> _Exercise goal_
Return the data below exactly, but only from the line containing "44) person (1108,466,1151,595)" through the line containing "56) traffic island", with both of those lines included.

(Beginning of Records for this task)

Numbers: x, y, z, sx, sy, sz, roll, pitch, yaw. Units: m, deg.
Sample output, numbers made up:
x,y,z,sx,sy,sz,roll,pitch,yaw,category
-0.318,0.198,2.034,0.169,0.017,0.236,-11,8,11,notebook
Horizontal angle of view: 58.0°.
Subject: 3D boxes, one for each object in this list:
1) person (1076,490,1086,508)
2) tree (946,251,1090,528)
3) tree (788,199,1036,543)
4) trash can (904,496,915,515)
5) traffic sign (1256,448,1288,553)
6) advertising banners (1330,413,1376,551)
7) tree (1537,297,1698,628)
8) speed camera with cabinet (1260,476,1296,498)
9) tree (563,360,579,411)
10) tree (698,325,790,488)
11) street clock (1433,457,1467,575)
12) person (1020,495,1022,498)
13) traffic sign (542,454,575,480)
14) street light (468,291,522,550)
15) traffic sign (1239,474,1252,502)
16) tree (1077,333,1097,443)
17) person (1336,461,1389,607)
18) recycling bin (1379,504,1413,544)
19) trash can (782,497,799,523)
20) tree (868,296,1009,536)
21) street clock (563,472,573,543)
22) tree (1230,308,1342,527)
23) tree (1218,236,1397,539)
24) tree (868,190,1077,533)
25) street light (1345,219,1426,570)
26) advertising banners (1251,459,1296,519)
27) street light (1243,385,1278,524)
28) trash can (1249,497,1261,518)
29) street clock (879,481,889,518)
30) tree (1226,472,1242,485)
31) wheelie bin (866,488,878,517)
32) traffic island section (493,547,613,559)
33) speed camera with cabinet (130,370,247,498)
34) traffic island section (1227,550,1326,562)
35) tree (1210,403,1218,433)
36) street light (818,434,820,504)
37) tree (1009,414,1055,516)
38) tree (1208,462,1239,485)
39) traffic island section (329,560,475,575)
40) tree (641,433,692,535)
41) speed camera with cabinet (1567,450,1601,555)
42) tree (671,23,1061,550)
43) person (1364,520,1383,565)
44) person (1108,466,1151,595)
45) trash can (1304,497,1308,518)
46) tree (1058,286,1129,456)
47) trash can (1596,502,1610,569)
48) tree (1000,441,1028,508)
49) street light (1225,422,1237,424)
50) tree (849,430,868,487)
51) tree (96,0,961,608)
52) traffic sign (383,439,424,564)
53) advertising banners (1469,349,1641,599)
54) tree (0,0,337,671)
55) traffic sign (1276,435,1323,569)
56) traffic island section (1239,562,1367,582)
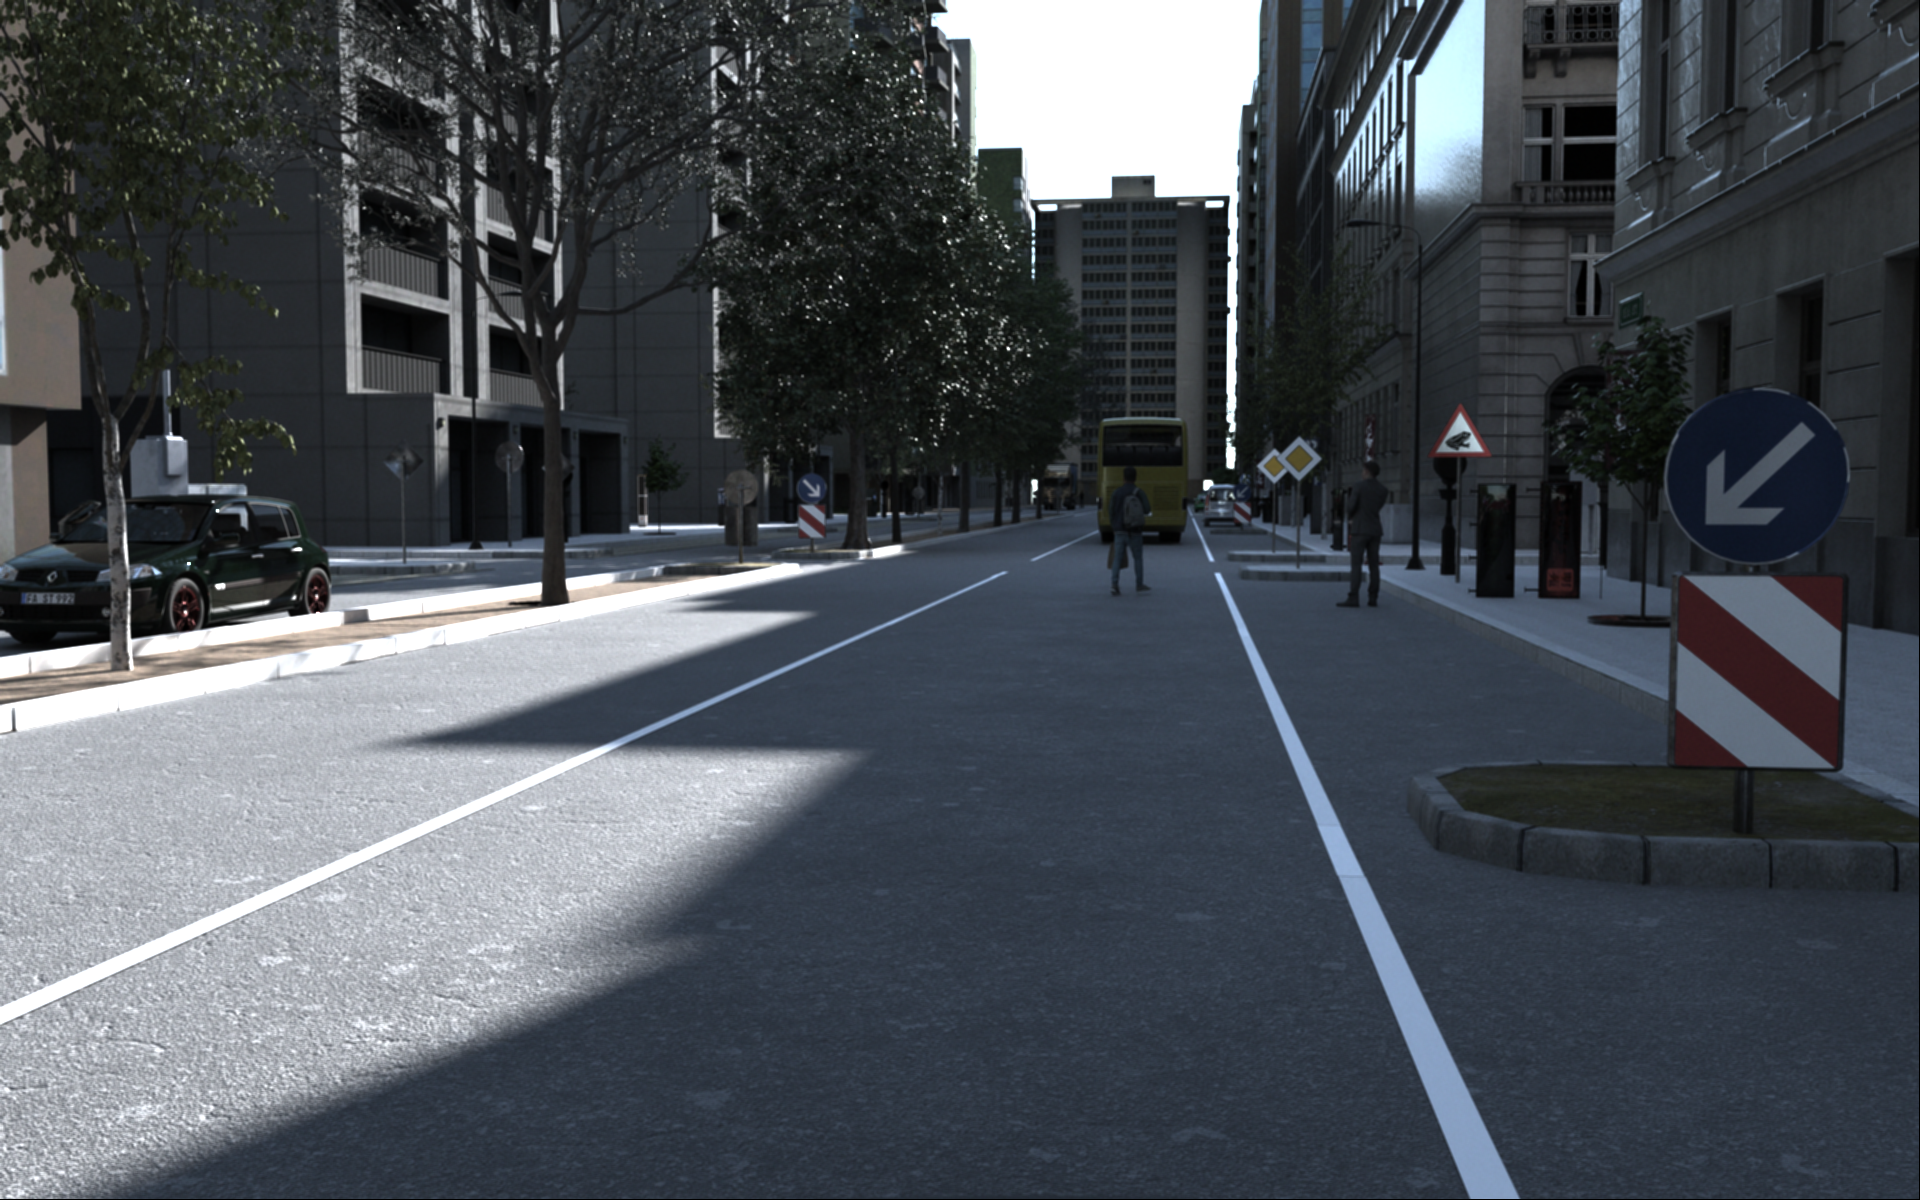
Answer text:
x,y,z,sx,sy,sz,roll,pitch,yaw,category
12.370,-10.215,175.531,1.348,1.822,0.705,2,4,30,person
1.700,-8.872,73.272,9.928,11.665,9.643,0,3,0,tree
-1.788,-6.977,50.938,8.767,10.594,7.601,0,4,7,tree
-3.016,-5.665,104.270,0.748,1.137,0.748,0,3,0,trash can
6.839,-2.084,37.716,0.795,2.450,0.064,0,4,7,traffic sign
8.745,-2.589,38.522,0.090,3.025,2.074,-1,4,-13,advertising banners
6.868,-1.379,17.143,1.663,3.219,1.824,0,3,0,tree
16.697,-5.906,90.895,0.660,3.252,2.038,-3,5,-39,speed camera with cabinet
-18.249,-7.510,73.151,4.360,8.622,3.978,0,3,0,tree
-8.421,-7.283,69.434,4.360,8.622,3.978,0,3,0,tree
7.756,-1.400,27.463,0.471,2.002,0.358,0,4,-3,street clock
4.990,-8.254,144.930,0.593,1.643,0.415,3,5,41,person
-9.221,-2.211,39.789,0.795,2.450,0.064,0,4,7,traffic sign
-10.649,-4.113,39.789,1.470,5.913,1.316,0,4,7,street light
17.888,-6.635,108.591,0.768,2.556,0.104,1,4,10,traffic sign
2.583,-9.872,81.992,7.486,12.596,7.792,0,3,0,tree
5.125,-0.845,22.128,0.655,1.846,0.447,-2,4,-24,person
11.208,-1.957,44.551,0.722,1.027,0.722,-1,4,-19,recycling bin
-7.462,-3.951,76.246,0.748,1.137,0.748,0,3,0,trash can
-0.653,-6.441,58.128,4.360,8.622,3.978,0,3,0,tree
-10.448,-2.515,45.687,0.471,2.002,0.358,-1,4,-14,street clock
12.731,-7.146,67.192,4.360,8.622,3.978,0,3,0,tree
10.103,-6.032,48.984,4.737,8.622,4.395,0,3,0,tree
0.087,-8.774,64.044,7.486,12.596,7.792,0,3,0,tree
7.218,-3.477,29.388,1.470,5.913,1.316,0,4,7,street light
15.691,-5.515,86.350,2.074,3.025,0.090,1,4,23,advertising banners
12.913,-6.177,73.534,1.470,5.913,1.316,0,4,7,street light
16.146,-5.084,94.779,0.748,1.137,0.748,0,3,0,trash can
-4.085,-5.429,93.330,0.471,2.002,0.358,-2,4,-33,street clock
21.773,-8.658,136.153,1.663,3.219,1.824,0,3,0,tree
-4.982,-5.404,96.261,0.980,1.594,0.693,2,4,29,wheelie bin
-9.246,-1.075,39.854,2.009,0.180,2.903,0,4,7,traffic island section
-12.608,-2.081,28.358,0.660,3.252,2.038,1,4,17,speed camera with cabinet
6.864,-0.949,37.790,2.009,0.180,2.903,0,4,7,traffic island section
16.338,-8.968,96.985,4.737,8.622,4.395,0,3,0,tree
-5.803,-6.419,77.484,1.470,5.913,1.316,0,4,7,street light
3.050,-8.352,89.370,4.360,8.622,3.978,0,3,0,tree
28.791,-12.517,188.358,4.285,4.588,4.351,0,3,0,tree
-10.262,-0.590,31.934,2.009,0.180,2.903,0,4,7,traffic island section
-9.529,-3.672,54.637,1.663,3.219,1.824,0,3,0,tree
13.419,-2.623,37.216,0.660,3.252,2.038,1,4,22,speed camera with cabinet
-2.502,-7.507,42.204,9.611,12.733,9.660,0,3,0,tree
8.139,-1.578,34.315,0.388,1.821,0.555,3,4,38,person
2.354,-0.984,24.577,0.794,1.824,0.713,3,5,41,person
18.256,-4.956,92.680,0.748,1.137,0.748,0,3,0,trash can
4.465,-11.287,97.377,12.009,13.543,11.850,0,3,0,tree
11.257,-1.098,29.601,0.748,1.137,0.748,0,3,0,trash can
4.806,-13.007,163.023,4.737,8.622,4.395,0,3,0,tree
17.779,-8.513,111.722,1.470,5.913,1.316,0,4,7,street light
-4.581,-9.192,100.650,4.360,8.622,3.978,0,3,0,tree
-5.187,-6.657,21.676,12.009,13.543,11.850,0,3,0,tree
-10.237,-1.726,31.869,0.795,2.450,0.064,0,4,7,traffic sign
7.335,-1.530,21.209,2.074,3.025,0.090,1,4,14,advertising banners
-6.767,-3.711,13.501,4.737,8.622,4.395,0,3,0,tree
5.823,-1.600,29.796,0.795,2.450,0.064,0,4,7,traffic sign
5.848,-0.464,29.870,2.009,0.180,2.903,0,4,7,traffic island section

(End of Records for this task)

> _Solution to this problem_
44) person (1108,466,1151,595)
45) trash can (1304,497,1308,518)
46) tree (1058,286,1129,456)
47) trash can (1596,502,1610,569)
48) tree (1000,441,1028,508)
49) street light (1225,422,1237,424)
50) tree (849,430,868,487)
51) tree (96,0,961,608)
52) traffic sign (383,439,424,564)
53) advertising banners (1469,349,1641,599)
54) tree (0,0,337,671)
55) traffic sign (1276,435,1323,569)
56) traffic island section (1239,562,1367,582)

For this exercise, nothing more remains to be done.